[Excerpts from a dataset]

-*-*-

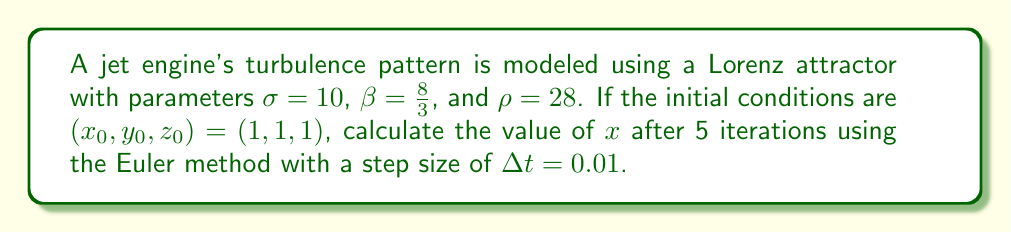Can you solve this math problem? 1. The Lorenz system is defined by the following equations:

   $$\frac{dx}{dt} = \sigma(y - x)$$
   $$\frac{dy}{dt} = x(\rho - z) - y$$
   $$\frac{dz}{dt} = xy - \beta z$$

2. The Euler method for solving these equations is:

   $$x_{n+1} = x_n + \Delta t \cdot \frac{dx}{dt}$$
   $$y_{n+1} = y_n + \Delta t \cdot \frac{dy}{dt}$$
   $$z_{n+1} = z_n + \Delta t \cdot \frac{dz}{dt}$$

3. Let's calculate the first iteration:

   $\frac{dx}{dt} = 10(1 - 1) = 0$
   $\frac{dy}{dt} = 1(28 - 1) - 1 = 26$
   $\frac{dz}{dt} = 1 \cdot 1 - \frac{8}{3} \cdot 1 = -\frac{5}{3}$

   $x_1 = 1 + 0.01 \cdot 0 = 1$
   $y_1 = 1 + 0.01 \cdot 26 = 1.26$
   $z_1 = 1 + 0.01 \cdot (-\frac{5}{3}) = 0.98333$

4. Second iteration:

   $\frac{dx}{dt} = 10(1.26 - 1) = 2.6$
   $\frac{dy}{dt} = 1(28 - 0.98333) - 1.26 = 25.75667$
   $\frac{dz}{dt} = 1 \cdot 1.26 - \frac{8}{3} \cdot 0.98333 = -1.35556$

   $x_2 = 1 + 0.01 \cdot 2.6 = 1.026$
   $y_2 = 1.26 + 0.01 \cdot 25.75667 = 1.51757$
   $z_2 = 0.98333 + 0.01 \cdot (-1.35556) = 0.96978$

5. Third iteration:

   $\frac{dx}{dt} = 10(1.51757 - 1.026) = 4.9157$
   $\frac{dy}{dt} = 1.026(28 - 0.96978) - 1.51757 = 26.13073$
   $\frac{dz}{dt} = 1.026 \cdot 1.51757 - \frac{8}{3} \cdot 0.96978 = 0.80912$

   $x_3 = 1.026 + 0.01 \cdot 4.9157 = 1.07516$
   $y_3 = 1.51757 + 0.01 \cdot 26.13073 = 1.77888$
   $z_3 = 0.96978 + 0.01 \cdot 0.80912 = 0.97787$

6. Fourth iteration:

   $\frac{dx}{dt} = 10(1.77888 - 1.07516) = 7.0372$
   $\frac{dy}{dt} = 1.07516(28 - 0.97787) - 1.77888 = 27.21175$
   $\frac{dz}{dt} = 1.07516 \cdot 1.77888 - \frac{8}{3} \cdot 0.97787 = 1.30945$

   $x_4 = 1.07516 + 0.01 \cdot 7.0372 = 1.14553$
   $y_4 = 1.77888 + 0.01 \cdot 27.21175 = 2.05100$
   $z_4 = 0.97787 + 0.01 \cdot 1.30945 = 0.99097$

7. Fifth iteration:

   $\frac{dx}{dt} = 10(2.05100 - 1.14553) = 9.0547$
   $\frac{dy}{dt} = 1.14553(28 - 0.99097) - 2.05100 = 28.04043$
   $\frac{dz}{dt} = 1.14553 \cdot 2.05100 - \frac{8}{3} \cdot 0.99097 = 1.70749$

   $x_5 = 1.14553 + 0.01 \cdot 9.0547 = 1.23608$
   $y_5 = 2.05100 + 0.01 \cdot 28.04043 = 2.33140$
   $z_5 = 0.99097 + 0.01 \cdot 1.70749 = 1.00804$

The value of x after 5 iterations is 1.23608.
Answer: 1.23608

-*-*-

• [Requirement]:
Repeat the data in full and exactly. Omit pictures.

• [Task solution]:
Can you solve this math problem? 1. The Lorenz system is defined by the following equations:

   $$\frac{dx}{dt} = \sigma(y - x)$$
   $$\frac{dy}{dt} = x(\rho - z) - y$$
   $$\frac{dz}{dt} = xy - \beta z$$

2. The Euler method for solving these equations is:

   $$x_{n+1} = x_n + \Delta t \cdot \frac{dx}{dt}$$
   $$y_{n+1} = y_n + \Delta t \cdot \frac{dy}{dt}$$
   $$z_{n+1} = z_n + \Delta t \cdot \frac{dz}{dt}$$

3. Let's calculate the first iteration:

   $\frac{dx}{dt} = 10(1 - 1) = 0$
   $\frac{dy}{dt} = 1(28 - 1) - 1 = 26$
   $\frac{dz}{dt} = 1 \cdot 1 - \frac{8}{3} \cdot 1 = -\frac{5}{3}$

   $x_1 = 1 + 0.01 \cdot 0 = 1$
   $y_1 = 1 + 0.01 \cdot 26 = 1.26$
   $z_1 = 1 + 0.01 \cdot (-\frac{5}{3}) = 0.98333$

4. Second iteration:

   $\frac{dx}{dt} = 10(1.26 - 1) = 2.6$
   $\frac{dy}{dt} = 1(28 - 0.98333) - 1.26 = 25.75667$
   $\frac{dz}{dt} = 1 \cdot 1.26 - \frac{8}{3} \cdot 0.98333 = -1.35556$

   $x_2 = 1 + 0.01 \cdot 2.6 = 1.026$
   $y_2 = 1.26 + 0.01 \cdot 25.75667 = 1.51757$
   $z_2 = 0.98333 + 0.01 \cdot (-1.35556) = 0.96978$

5. Third iteration:

   $\frac{dx}{dt} = 10(1.51757 - 1.026) = 4.9157$
   $\frac{dy}{dt} = 1.026(28 - 0.96978) - 1.51757 = 26.13073$
   $\frac{dz}{dt} = 1.026 \cdot 1.51757 - \frac{8}{3} \cdot 0.96978 = 0.80912$

   $x_3 = 1.026 + 0.01 \cdot 4.9157 = 1.07516$
   $y_3 = 1.51757 + 0.01 \cdot 26.13073 = 1.77888$
   $z_3 = 0.96978 + 0.01 \cdot 0.80912 = 0.97787$

6. Fourth iteration:

   $\frac{dx}{dt} = 10(1.77888 - 1.07516) = 7.0372$
   $\frac{dy}{dt} = 1.07516(28 - 0.97787) - 1.77888 = 27.21175$
   $\frac{dz}{dt} = 1.07516 \cdot 1.77888 - \frac{8}{3} \cdot 0.97787 = 1.30945$

   $x_4 = 1.07516 + 0.01 \cdot 7.0372 = 1.14553$
   $y_4 = 1.77888 + 0.01 \cdot 27.21175 = 2.05100$
   $z_4 = 0.97787 + 0.01 \cdot 1.30945 = 0.99097$

7. Fifth iteration:

   $\frac{dx}{dt} = 10(2.05100 - 1.14553) = 9.0547$
   $\frac{dy}{dt} = 1.14553(28 - 0.99097) - 2.05100 = 28.04043$
   $\frac{dz}{dt} = 1.14553 \cdot 2.05100 - \frac{8}{3} \cdot 0.99097 = 1.70749$

   $x_5 = 1.14553 + 0.01 \cdot 9.0547 = 1.23608$
   $y_5 = 2.05100 + 0.01 \cdot 28.04043 = 2.33140$
   $z_5 = 0.99097 + 0.01 \cdot 1.70749 = 1.00804$

The value of x after 5 iterations is 1.23608.
Answer: 1.23608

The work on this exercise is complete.